In general, “n choose k” gives the cardinality, or size, of the set of “k-subsets” that can be chosen from a set with ‘n’ elements.

Try to solve this exercise: Each side in the game of chess has bishops, a King, knights, pawns, a Queen and rooks.

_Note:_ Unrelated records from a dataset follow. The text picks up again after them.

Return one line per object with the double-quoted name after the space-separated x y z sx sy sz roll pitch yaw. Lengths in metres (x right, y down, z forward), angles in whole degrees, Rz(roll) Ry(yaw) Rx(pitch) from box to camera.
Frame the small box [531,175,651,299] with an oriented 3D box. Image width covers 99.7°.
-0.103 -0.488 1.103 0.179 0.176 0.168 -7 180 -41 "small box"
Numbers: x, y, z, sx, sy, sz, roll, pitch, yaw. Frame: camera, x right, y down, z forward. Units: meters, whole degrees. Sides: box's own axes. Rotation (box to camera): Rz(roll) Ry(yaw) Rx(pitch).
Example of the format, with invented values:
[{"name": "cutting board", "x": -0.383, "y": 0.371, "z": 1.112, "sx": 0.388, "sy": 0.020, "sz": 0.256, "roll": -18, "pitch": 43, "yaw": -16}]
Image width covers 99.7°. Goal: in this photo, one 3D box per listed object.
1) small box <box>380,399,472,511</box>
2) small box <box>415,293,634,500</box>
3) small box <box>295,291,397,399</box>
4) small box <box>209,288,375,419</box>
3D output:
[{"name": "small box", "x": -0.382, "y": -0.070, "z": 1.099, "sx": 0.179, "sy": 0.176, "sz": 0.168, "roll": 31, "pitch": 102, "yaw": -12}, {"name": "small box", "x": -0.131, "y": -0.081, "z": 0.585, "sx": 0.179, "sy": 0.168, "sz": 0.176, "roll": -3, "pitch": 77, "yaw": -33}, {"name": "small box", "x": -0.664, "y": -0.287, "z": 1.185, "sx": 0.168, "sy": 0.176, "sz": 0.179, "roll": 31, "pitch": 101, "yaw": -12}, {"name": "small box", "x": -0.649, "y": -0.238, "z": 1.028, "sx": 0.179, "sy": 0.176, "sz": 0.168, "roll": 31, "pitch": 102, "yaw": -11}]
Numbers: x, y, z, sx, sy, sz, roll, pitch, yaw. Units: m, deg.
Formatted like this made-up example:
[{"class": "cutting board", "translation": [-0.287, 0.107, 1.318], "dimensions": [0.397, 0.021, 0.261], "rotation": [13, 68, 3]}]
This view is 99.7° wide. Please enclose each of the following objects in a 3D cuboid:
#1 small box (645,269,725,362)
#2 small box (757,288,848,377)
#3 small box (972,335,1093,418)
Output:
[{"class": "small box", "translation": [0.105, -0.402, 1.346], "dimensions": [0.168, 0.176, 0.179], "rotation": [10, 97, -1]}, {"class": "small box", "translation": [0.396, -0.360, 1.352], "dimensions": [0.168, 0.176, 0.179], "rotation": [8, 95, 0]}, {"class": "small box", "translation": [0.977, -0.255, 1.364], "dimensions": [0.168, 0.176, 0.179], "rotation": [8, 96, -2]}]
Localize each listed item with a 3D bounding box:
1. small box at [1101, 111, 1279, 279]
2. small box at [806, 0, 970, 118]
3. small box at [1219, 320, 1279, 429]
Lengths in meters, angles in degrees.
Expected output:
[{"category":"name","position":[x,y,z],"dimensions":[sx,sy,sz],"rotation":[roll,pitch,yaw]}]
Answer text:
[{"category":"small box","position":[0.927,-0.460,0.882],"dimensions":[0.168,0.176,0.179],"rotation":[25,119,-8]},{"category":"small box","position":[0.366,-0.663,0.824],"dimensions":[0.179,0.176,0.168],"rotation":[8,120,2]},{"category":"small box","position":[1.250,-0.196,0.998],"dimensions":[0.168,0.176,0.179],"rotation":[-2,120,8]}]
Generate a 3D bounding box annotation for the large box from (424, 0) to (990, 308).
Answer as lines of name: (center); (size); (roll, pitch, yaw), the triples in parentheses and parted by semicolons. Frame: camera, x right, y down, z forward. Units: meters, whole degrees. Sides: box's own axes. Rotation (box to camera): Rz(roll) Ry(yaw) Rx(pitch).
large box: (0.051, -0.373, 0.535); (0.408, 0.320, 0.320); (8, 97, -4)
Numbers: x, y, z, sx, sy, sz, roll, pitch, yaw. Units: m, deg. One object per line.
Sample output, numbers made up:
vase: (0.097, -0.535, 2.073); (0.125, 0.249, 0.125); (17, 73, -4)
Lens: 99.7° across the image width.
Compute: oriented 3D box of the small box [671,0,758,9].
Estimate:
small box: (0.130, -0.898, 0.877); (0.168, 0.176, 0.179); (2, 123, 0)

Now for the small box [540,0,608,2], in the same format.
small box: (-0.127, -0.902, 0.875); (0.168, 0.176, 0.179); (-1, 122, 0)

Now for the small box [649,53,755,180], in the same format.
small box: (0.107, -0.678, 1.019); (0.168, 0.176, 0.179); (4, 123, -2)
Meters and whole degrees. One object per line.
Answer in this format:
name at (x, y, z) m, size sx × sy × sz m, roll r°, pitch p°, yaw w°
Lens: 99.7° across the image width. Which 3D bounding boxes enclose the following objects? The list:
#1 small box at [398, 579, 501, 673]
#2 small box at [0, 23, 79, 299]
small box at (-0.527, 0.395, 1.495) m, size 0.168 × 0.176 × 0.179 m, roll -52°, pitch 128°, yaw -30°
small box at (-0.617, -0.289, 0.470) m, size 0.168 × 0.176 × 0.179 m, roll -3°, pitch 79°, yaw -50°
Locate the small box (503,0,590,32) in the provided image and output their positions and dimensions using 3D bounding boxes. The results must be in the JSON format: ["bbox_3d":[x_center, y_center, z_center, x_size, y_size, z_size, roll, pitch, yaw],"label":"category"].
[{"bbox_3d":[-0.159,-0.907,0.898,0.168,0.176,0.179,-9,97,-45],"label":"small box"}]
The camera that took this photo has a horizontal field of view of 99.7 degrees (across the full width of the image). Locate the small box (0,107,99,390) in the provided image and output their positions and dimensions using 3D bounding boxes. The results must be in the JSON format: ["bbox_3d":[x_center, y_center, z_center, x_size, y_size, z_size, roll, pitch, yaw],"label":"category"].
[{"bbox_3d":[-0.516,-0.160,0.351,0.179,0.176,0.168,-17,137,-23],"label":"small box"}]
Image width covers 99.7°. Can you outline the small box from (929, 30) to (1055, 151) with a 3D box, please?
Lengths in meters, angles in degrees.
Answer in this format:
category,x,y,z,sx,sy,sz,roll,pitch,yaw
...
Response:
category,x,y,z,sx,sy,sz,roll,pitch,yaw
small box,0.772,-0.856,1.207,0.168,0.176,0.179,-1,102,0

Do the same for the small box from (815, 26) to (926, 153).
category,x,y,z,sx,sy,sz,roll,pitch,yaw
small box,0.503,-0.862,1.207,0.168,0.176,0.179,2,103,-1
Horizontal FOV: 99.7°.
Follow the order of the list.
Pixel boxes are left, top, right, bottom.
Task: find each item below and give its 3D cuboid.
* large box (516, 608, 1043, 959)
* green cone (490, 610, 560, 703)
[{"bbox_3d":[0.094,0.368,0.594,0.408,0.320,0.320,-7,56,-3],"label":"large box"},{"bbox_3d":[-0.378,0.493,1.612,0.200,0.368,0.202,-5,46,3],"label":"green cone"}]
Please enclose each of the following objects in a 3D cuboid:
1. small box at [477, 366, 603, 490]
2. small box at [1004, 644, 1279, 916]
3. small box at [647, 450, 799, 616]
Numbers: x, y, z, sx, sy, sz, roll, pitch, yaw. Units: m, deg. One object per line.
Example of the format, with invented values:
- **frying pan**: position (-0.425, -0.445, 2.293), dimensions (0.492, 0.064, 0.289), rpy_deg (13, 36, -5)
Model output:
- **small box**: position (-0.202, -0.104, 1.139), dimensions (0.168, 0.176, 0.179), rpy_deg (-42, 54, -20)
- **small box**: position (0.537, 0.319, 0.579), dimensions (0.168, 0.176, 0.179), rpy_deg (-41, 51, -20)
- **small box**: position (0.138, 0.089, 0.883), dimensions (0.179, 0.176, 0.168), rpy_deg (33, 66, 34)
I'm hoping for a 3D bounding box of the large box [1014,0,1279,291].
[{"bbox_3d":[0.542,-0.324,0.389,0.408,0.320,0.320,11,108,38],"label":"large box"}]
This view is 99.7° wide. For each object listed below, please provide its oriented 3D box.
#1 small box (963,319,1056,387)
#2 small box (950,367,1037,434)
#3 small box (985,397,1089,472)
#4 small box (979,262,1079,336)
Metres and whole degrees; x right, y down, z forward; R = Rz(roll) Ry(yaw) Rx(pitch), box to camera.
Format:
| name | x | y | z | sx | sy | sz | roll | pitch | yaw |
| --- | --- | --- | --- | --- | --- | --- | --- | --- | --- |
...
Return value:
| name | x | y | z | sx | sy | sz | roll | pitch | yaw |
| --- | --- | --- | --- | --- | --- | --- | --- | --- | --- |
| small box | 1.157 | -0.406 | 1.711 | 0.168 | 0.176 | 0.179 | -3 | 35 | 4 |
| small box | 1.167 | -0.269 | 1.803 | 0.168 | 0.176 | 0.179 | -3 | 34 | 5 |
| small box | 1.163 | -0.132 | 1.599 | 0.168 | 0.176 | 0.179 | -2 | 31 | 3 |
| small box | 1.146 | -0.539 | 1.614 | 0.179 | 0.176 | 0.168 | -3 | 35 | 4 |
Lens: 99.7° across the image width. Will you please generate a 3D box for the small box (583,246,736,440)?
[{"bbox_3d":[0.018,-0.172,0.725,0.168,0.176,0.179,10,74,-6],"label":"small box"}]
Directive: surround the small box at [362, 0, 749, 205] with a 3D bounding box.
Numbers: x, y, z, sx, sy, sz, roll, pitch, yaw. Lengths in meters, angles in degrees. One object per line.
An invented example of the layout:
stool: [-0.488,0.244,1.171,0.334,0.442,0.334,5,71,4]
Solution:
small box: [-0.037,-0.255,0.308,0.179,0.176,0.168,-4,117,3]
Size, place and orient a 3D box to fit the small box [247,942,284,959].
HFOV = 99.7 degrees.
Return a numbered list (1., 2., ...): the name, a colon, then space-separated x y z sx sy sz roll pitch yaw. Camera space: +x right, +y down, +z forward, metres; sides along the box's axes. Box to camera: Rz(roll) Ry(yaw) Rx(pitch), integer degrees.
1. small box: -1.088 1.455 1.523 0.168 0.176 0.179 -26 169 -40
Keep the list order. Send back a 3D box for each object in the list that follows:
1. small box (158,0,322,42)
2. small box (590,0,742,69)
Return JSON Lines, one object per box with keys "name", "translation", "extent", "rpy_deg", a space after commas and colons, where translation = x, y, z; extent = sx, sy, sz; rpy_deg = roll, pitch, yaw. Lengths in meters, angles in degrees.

Therefore there are 6 types of pieces. Let P={b, K, k, p, Q, r}. In how many ways can one select any two types from this set?

## Why Use the Word “Binomial?”

The word “**binomial**” relates to the two terms inside the brackets in the construction “(x + y)^n” for a non-negative integer ‘n.’

In the expansion of “(x + y)^n = (x + y)*(x + y)*…*(x + y),” there are terms such as “m*(x^j * y^(n-j))” for every “j from zero to n.” The integer ‘m’ in this expansion is the “**coefficient.**” Here is an example:

- (x + y)^2
- = (x + y)*(x + y)
- = x*x + x*y + y*x + y*y
- =
*1**x^2 +*2**x*y +*1**y*2″

The above coeficients are ‘*1*‘, ‘*2*‘ and ‘*1*‘.

The “Binomial Theorem” states that in any expansion of “(x + y)^n,” the coefficient for “x^j * y^(n-j)” is C(n, j).

## The Symmetry Rule of Binomial Coefficients

One unusual but obvious fact about the binomial coefficient is the symmetry rule. “C(n, k) = C(n, n-k).”

The simple algebraic proof uses the commutative property of multiplication.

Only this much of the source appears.